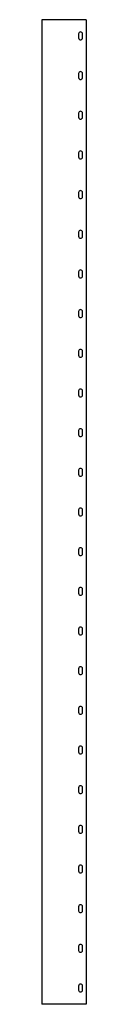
# Model space of a CAD drawing. Header units: millimetres. Extents: x 37 to 92, y 22 to 1263.
import ezdxf

# ---------------------------------------------------------------- set-up
doc = ezdxf.new("R2010")
doc.units = ezdxf.units.MM

msp = doc.modelspace()

# ---------------------------------------------------------------- linework, layer by layer
at = {"color": 7, "linetype": 'Continuous', "lineweight": 25}
for p, q in [((36.7, 1262.9), (36.7, 21.9)), ((92.4, 1262.9), (36.7, 1262.9)), ((92.4, 1262.9), (92.4, 21.9)), ((82.9, 1244.9), (82.9, 1239.9)), ((87.9, 1239.9), (87.9, 1244.9)), ((82.9, 1194.9), (82.9, 1189.9)), ((87.9, 1189.9), (87.9, 1194.9)), ((82.9, 1144.9), (82.9, 1139.9)), ((87.9, 1139.9), (87.9, 1144.9)), ((82.9, 1094.9), (82.9, 1089.9)), ((87.9, 1089.9), (87.9, 1094.9)), ((82.9, 1044.9), (82.9, 1039.9)), ((87.9, 1039.9), (87.9, 1044.9)), ((82.9, 994.9), (82.9, 989.9)), ((87.9, 989.9), (87.9, 994.9)), ((82.9, 944.9), (82.9, 939.9)), ((87.9, 939.9), (87.9, 944.9)), ((82.9, 894.9), (82.9, 889.9)), ((87.9, 889.9), (87.9, 894.9)), ((82.9, 844.9), (82.9, 839.9)), ((87.9, 839.9), (87.9, 844.9)), ((82.9, 794.9), (82.9, 789.9)), ((87.9, 789.9), (87.9, 794.9)), ((82.9, 744.9), (82.9, 739.9)), ((87.9, 739.9), (87.9, 744.9)), ((82.9, 694.9), (82.9, 689.9)), ((87.9, 689.9), (87.9, 694.9)), ((82.9, 644.9), (82.9, 639.9)), ((87.9, 639.9), (87.9, 644.9)), ((82.9, 594.9), (82.9, 589.9)), ((87.9, 589.9), (87.9, 594.9)), ((82.9, 544.9), (82.9, 539.9)), ((87.9, 539.9), (87.9, 544.9)), ((82.9, 494.9), (82.9, 489.9)), ((87.9, 489.9), (87.9, 494.9)), ((82.9, 444.9), (82.9, 439.9)), ((87.9, 439.9), (87.9, 444.9)), ((82.9, 394.9), (82.9, 389.9)), ((87.9, 389.9), (87.9, 394.9)), ((82.9, 344.9), (82.9, 339.9)), ((87.9, 339.9), (87.9, 344.9)), ((82.9, 294.9), (82.9, 289.9)), ((87.9, 289.9), (87.9, 294.9)), ((82.9, 244.9), (82.9, 239.9)), ((87.9, 239.9), (87.9, 244.9)), ((82.9, 194.9), (82.9, 189.9)), ((87.9, 189.9), (87.9, 194.9)), ((82.9, 144.9), (82.9, 139.9)), ((87.9, 139.9), (87.9, 144.9)), ((82.9, 94.9), (82.9, 89.9)), ((87.9, 89.9), (87.9, 94.9)), ((82.9, 44.9), (82.9, 39.9)), ((87.9, 39.9), (87.9, 44.9)), ((92.4, 21.9), (36.7, 21.9))]:
    msp.add_line(p, q, dxfattribs=at)
for centre, start, end in [((85.4, 1244.9), 0, 180), ((85.4, 1239.9), 180, 0), ((85.4, 1194.9), 0, 180), ((85.4, 1189.9), 180, 0), ((85.4, 1144.9), 0, 180), ((85.4, 1139.9), 180, 0), ((85.4, 1094.9), 0, 180), ((85.4, 1089.9), 180, 0), ((85.4, 1044.9), 0, 180), ((85.4, 1039.9), 180, 0), ((85.4, 994.9), 0, 180), ((85.4, 989.9), 180, 0), ((85.4, 944.9), 0, 180), ((85.4, 939.9), 180, 0), ((85.4, 894.9), 0, 180), ((85.4, 889.9), 180, 0), ((85.4, 844.9), 0, 180), ((85.4, 839.9), 180, 0), ((85.4, 794.9), 0, 180), ((85.4, 789.9), 180, 0), ((85.4, 744.9), 0, 180), ((85.4, 739.9), 180, 0), ((85.4, 694.9), 0, 180), ((85.4, 689.9), 180, 0), ((85.4, 644.9), 0, 180), ((85.4, 639.9), 180, 0), ((85.4, 594.9), 0, 180), ((85.4, 589.9), 180, 0), ((85.4, 544.9), 0, 180), ((85.4, 539.9), 180, 0), ((85.4, 494.9), 0, 180), ((85.4, 489.9), 180, 0), ((85.4, 444.9), 0, 180), ((85.4, 439.9), 180, 0), ((85.4, 394.9), 0, 180), ((85.4, 389.9), 180, 0), ((85.4, 344.9), 0, 180), ((85.4, 339.9), 180, 0), ((85.4, 294.9), 0, 180), ((85.4, 289.9), 180, 0), ((85.4, 244.9), 0, 180), ((85.4, 239.9), 180, 0), ((85.4, 194.9), 0, 180), ((85.4, 189.9), 180, 0), ((85.4, 144.9), 0, 180), ((85.4, 139.9), 180, 0), ((85.4, 94.9), 0, 180), ((85.4, 89.9), 180, 0), ((85.4, 44.9), 0, 180), ((85.4, 39.9), 180, 0)]:
    msp.add_arc(centre, 2.5, start, end, dxfattribs=at)

doc.saveas('drawing.dxf')
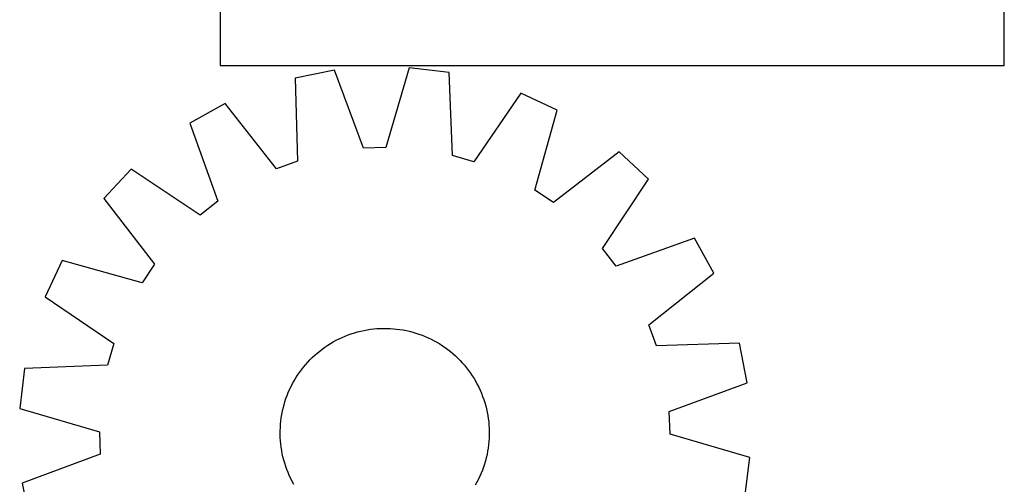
# Model space of a CAD drawing. Header units: millimetres. Extents: x 7 to 1493, y 8 to 2993.
# Tile 7 of 14: x 7 to 383, y 2475 to 2653. Entities that reach past the tile are written whole.
import ezdxf

# ---------------------------------------------------------------- set-up
doc = ezdxf.new("R2010")
doc.units = ezdxf.units.MM
doc.layers.add('CUT', color=7, linetype='CONTINUOUS', true_color=0x000000)

msp = doc.modelspace()

# ---------------------------------------------------------------- linework, layer by layer
at = {"layer": 'CUT'}
for p, q in [((83.28717, 2885.674081), (83.28717, 2635.674081)), ((383.28717, 2635.674081), (383.28717, 2710.674081)), ((83.28717, 2635.674081), (383.28717, 2635.674081)), ((127.024469, 2633.763728), (111.922272, 2630.821927)), ((138.064879, 2603.979771), (127.024469, 2633.763728)), ((155.545533, 2634.771059), (146.63388, 2604.282418)), ((170.817642, 2632.902042), (155.545533, 2634.771059)), ((111.922272, 2630.821927), (112.868294, 2599.071655)), ((172.113948, 2601.164142), (170.817642, 2632.902042)), ((198.254069, 2625.046577), (180.357075, 2598.804009)), ((212.20115, 2618.549695), (198.254069, 2625.046577)), ((85.10841, 2621.050406), (71.654434, 2613.585751)), ((104.812213, 2596.135854), (85.10841, 2621.050406)), ((203.626459, 2587.964578), (212.20115, 2618.549695)), ((71.654434, 2613.585751), (82.365528, 2583.681785)), ((146.63388, 2604.282418), (138.064879, 2603.979771)), ((180.357075, 2598.804009), (172.113948, 2601.164142)), ((235.86727, 2602.600382), (210.736817, 2583.172692)), ((247.124085, 2592.111595), (235.86727, 2602.600382)), ((49.172502, 2596.006543), (38.683715, 2584.749727)), ((75.610952, 2578.400206), (49.172502, 2596.006543)), ((112.868294, 2599.071655), (104.812213, 2596.135854)), ((229.517748, 2565.673145), (247.124085, 2592.111595)), ((38.683715, 2584.749727), (58.111405, 2559.619275)), ((210.736817, 2583.172692), (203.626459, 2587.964578)), ((82.365528, 2583.681785), (75.610952, 2578.400206)), ((264.703294, 2569.629663), (234.799327, 2558.918569)), ((272.167948, 2556.175687), (264.703294, 2569.629663)), ((234.799327, 2558.918569), (229.517748, 2565.673145)), ((22.734401, 2561.083607), (16.23752, 2547.136526)), ((53.319519, 2552.508916), (22.734401, 2561.083607)), ((58.111405, 2559.619275), (53.319519, 2552.508916)), ((247.253396, 2536.471884), (272.167948, 2556.175687)), ((16.23752, 2547.136526), (42.480088, 2529.239532)), ((250.189197, 2528.415803), (247.253396, 2536.471884)), ((129.884951, 2531.6044), (131.040158, 2532.098873)), ((131.040158, 2532.098873), (132.210327, 2532.556816)), ((132.210327, 2532.556816), (133.394302, 2532.977777)), ((133.394302, 2532.977777), (134.590917, 2533.361341)), ((134.590917, 2533.361341), (135.798988, 2533.707129)), ((135.798988, 2533.707129), (137.017326, 2534.0148)), ((137.017326, 2534.0148), (138.244726, 2534.28405)), ((138.244726, 2534.28405), (139.479978, 2534.514614)), ((139.479978, 2534.514614), (140.721862, 2534.706263)), ((140.721862, 2534.706263), (141.969154, 2534.85881)), ((141.969154, 2534.85881), (143.220622, 2534.972103)), ((143.220622, 2534.972103), (144.47503, 2535.04603)), ((144.47503, 2535.04603), (145.731142, 2535.08052)), ((145.731142, 2535.08052), (146.987718, 2535.075536)), ((146.987718, 2535.075536), (148.243517, 2535.031085)), ((148.243517, 2535.031085), (149.4973, 2534.947211)), ((149.4973, 2534.947211), (150.74783, 2534.823996)), ((150.74783, 2534.823996), (151.993872, 2534.661561)), ((151.993872, 2534.661561), (153.234198, 2534.460067)), ((153.234198, 2534.460067), (154.467582, 2534.219713)), ((154.467582, 2534.219713), (155.692808, 2533.940737)), ((155.692808, 2533.940737), (156.908666, 2533.623412)), ((156.908666, 2533.623412), (158.113958, 2533.268053)), ((158.113958, 2533.268053), (159.307492, 2532.875011)), ((159.307492, 2532.875011), (160.488092, 2532.444672)), ((160.488092, 2532.444672), (161.654592, 2531.977463)), ((161.654592, 2531.977463), (162.805841, 2531.473843)), ((42.480088, 2529.239532), (40.119955, 2520.996405)), ((123.330574, 2527.900222), (124.372664, 2528.6024)), ((124.372664, 2528.6024), (125.436296, 2529.2715)), ((125.436296, 2529.2715), (126.52042, 2529.906859)), ((126.52042, 2529.906859), (127.623966, 2530.507852)), ((127.623966, 2530.507852), (128.745845, 2531.073885)), ((128.745845, 2531.073885), (129.884951, 2531.6044)), ((162.805841, 2531.473843), (163.940702, 2530.93431)), ((163.940702, 2530.93431), (165.058057, 2530.359397)), ((165.058057, 2530.359397), (166.156802, 2529.74967)), ((166.156802, 2529.74967), (167.235852, 2529.105732)), ((167.235852, 2529.105732), (168.294144, 2528.428217)), ((168.294144, 2528.428217), (169.330632, 2527.717795)), ((281.93947, 2529.361825), (250.189197, 2528.415803)), ((284.881271, 2514.259628), (281.93947, 2529.361825)), ((118.478443, 2523.918496), (119.397859, 2524.775048)), ((119.397859, 2524.775048), (120.343725, 2525.602299)), ((120.343725, 2525.602299), (121.31511, 2526.39943)), ((121.31511, 2526.39943), (122.311054, 2527.165657)), ((122.311054, 2527.165657), (123.330574, 2527.900222)), ((169.330632, 2527.717795), (170.344294, 2526.975167)), ((170.344294, 2526.975167), (171.334129, 2526.201066)), ((171.334129, 2526.201066), (172.299161, 2525.396255)), ((172.299161, 2525.396255), (173.238436, 2524.561528)), ((173.238436, 2524.561528), (174.151029, 2523.69771)), ((40.119955, 2520.996405), (8.382054, 2519.7001)), ((115.083031, 2520.216587), (115.887842, 2521.181618)), ((115.887842, 2521.181618), (116.722569, 2522.120894)), ((116.722569, 2522.120894), (117.586386, 2523.033487)), ((117.586386, 2523.033487), (118.478443, 2523.918496)), ((174.151029, 2523.69771), (175.036038, 2522.805654)), ((175.036038, 2522.805654), (175.892591, 2521.886238)), ((175.892591, 2521.886238), (176.719841, 2520.940372)), ((176.719841, 2520.940372), (177.516973, 2519.968987)), ((8.382054, 2519.7001), (6.513038, 2504.427991)), ((112.178365, 2516.11831), (112.85588, 2517.176601)), ((112.85588, 2517.176601), (113.566301, 2518.21309)), ((113.566301, 2518.21309), (114.30893, 2519.226751)), ((114.30893, 2519.226751), (115.083031, 2520.216587)), ((177.516973, 2519.968987), (178.283199, 2518.973043)), ((178.283199, 2518.973043), (179.017764, 2517.953523)), ((179.017764, 2517.953523), (179.719943, 2516.911433)), ((179.719943, 2516.911433), (180.389042, 2515.847801)), ((110.349787, 2512.82316), (110.9247, 2513.940514)), ((110.9247, 2513.940514), (111.534427, 2515.039259)), ((111.534427, 2515.039259), (112.178365, 2516.11831)), ((180.389042, 2515.847801), (181.024402, 2514.763677)), ((181.024402, 2514.763677), (181.625395, 2513.660131)), ((181.625395, 2513.660131), (182.191428, 2512.538251)), ((255.097314, 2503.219218), (284.881271, 2514.259628)), ((108.409086, 2508.18995), (108.839424, 2509.370549)), ((108.839424, 2509.370549), (109.306634, 2510.537049)), ((109.306634, 2510.537049), (109.810254, 2511.688298)), ((109.810254, 2511.688298), (110.349787, 2512.82316)), ((182.191428, 2512.538251), (182.721943, 2511.399146)), ((182.721943, 2511.399146), (183.216415, 2510.243939)), ((183.216415, 2510.243939), (183.674358, 2509.07377)), ((107.34336, 2504.575265), (107.660684, 2505.791124)), ((107.660684, 2505.791124), (108.016043, 2506.996415)), ((108.016043, 2506.996415), (108.409086, 2508.18995)), ((183.674358, 2509.07377), (184.095319, 2507.889794)), ((184.095319, 2507.889794), (184.478883, 2506.69318)), ((184.478883, 2506.69318), (184.824671, 2505.485108)), ((6.513038, 2504.427991), (37.001678, 2495.516337)), ((106.622536, 2500.87633), (106.82403, 2502.116655)), ((106.82403, 2502.116655), (107.064383, 2503.350039)), ((107.064383, 2503.350039), (107.34336, 2504.575265)), ((184.824671, 2505.485108), (185.132342, 2504.266771)), ((185.132342, 2504.266771), (185.401592, 2503.039371)), ((185.401592, 2503.039371), (185.632156, 2501.804119)), ((185.632156, 2501.804119), (185.823806, 2500.562235)), ((255.399961, 2494.650217), (255.097314, 2503.219218)), ((106.253011, 2497.125974), (106.336886, 2498.379757)), ((106.336886, 2498.379757), (106.460101, 2499.630287)), ((106.460101, 2499.630287), (106.622536, 2500.87633)), ((185.823806, 2500.562235), (185.976352, 2499.314943)), ((185.976352, 2499.314943), (186.089645, 2498.063475)), ((186.089645, 2498.063475), (186.163573, 2496.809066)), ((37.001678, 2495.516337), (37.304325, 2486.947337)), ((106.203577, 2494.6136), (106.20856, 2495.870175)), ((106.238066, 2493.357488), (106.203577, 2494.6136)), ((106.20856, 2495.870175), (106.253011, 2497.125974)), ((186.193079, 2494.296379), (186.148628, 2493.04058)), ((186.163573, 2496.809066), (186.198062, 2495.552954)), ((186.198062, 2495.552954), (186.193079, 2494.296379)), ((285.888601, 2485.738564), (255.399961, 2494.650217)), ((106.311994, 2492.103079), (106.238066, 2493.357488)), ((106.425287, 2490.851611), (106.311994, 2492.103079)), ((106.577834, 2489.60432), (106.425287, 2490.851611)), ((185.941538, 2490.536267), (185.779103, 2489.290225)), ((186.064753, 2491.786797), (185.941538, 2490.536267)), ((186.148628, 2493.04058), (186.064753, 2491.786797)), ((37.304325, 2486.947337), (7.520368, 2475.906926)), ((106.769483, 2488.362435), (106.577834, 2489.60432)), ((107.000047, 2487.127183), (106.769483, 2488.362435)), ((107.269297, 2485.899783), (107.000047, 2487.127183)), ((185.337256, 2486.816515), (185.058279, 2485.591289)), ((185.57761, 2488.049899), (185.337256, 2486.816515)), ((185.779103, 2489.290225), (185.57761, 2488.049899)), ((107.576968, 2484.681446), (107.269297, 2485.899783)), ((107.922756, 2483.473374), (107.576968, 2484.681446)), ((108.30632, 2482.27676), (107.922756, 2483.473374)), ((184.385596, 2483.170139), (183.992553, 2481.976605)), ((184.740955, 2484.37543), (184.385596, 2483.170139)), ((185.058279, 2485.591289), (184.740955, 2484.37543)), ((284.019585, 2470.466454), (285.888601, 2485.738564)), ((108.727281, 2481.092784), (108.30632, 2482.27676)), ((109.185224, 2479.922615), (108.727281, 2481.092784)), ((109.679697, 2478.767408), (109.185224, 2479.922615)), ((183.095005, 2479.629505), (182.591385, 2478.478256)), ((183.562215, 2480.796005), (183.095005, 2479.629505)), ((183.992553, 2481.976605), (183.562215, 2480.796005)), ((7.520368, 2475.906926), (10.462169, 2460.804729)), ((110.210211, 2477.628303), (109.679697, 2478.767408)), ((110.776245, 2476.506424), (110.210211, 2477.628303)), ((111.377238, 2475.402877), (110.776245, 2476.506424)), ((181.476939, 2476.22604), (180.867212, 2475.127295)), ((182.051853, 2477.343395), (181.476939, 2476.22604)), ((182.591385, 2478.478256), (182.051853, 2477.343395))]:
    msp.add_line(p, q, dxfattribs=at)

doc.saveas('drawing.dxf')
━━━━
What the task asks | Find and copy each line of the material that holds the word "color".

Answer box |
at = {"color": 7, "linetype": 'Continuous', "lineweight": 25}
doc.layers.add('CUT', color=7, linetype='CONTINUOUS', true_color=0x000000)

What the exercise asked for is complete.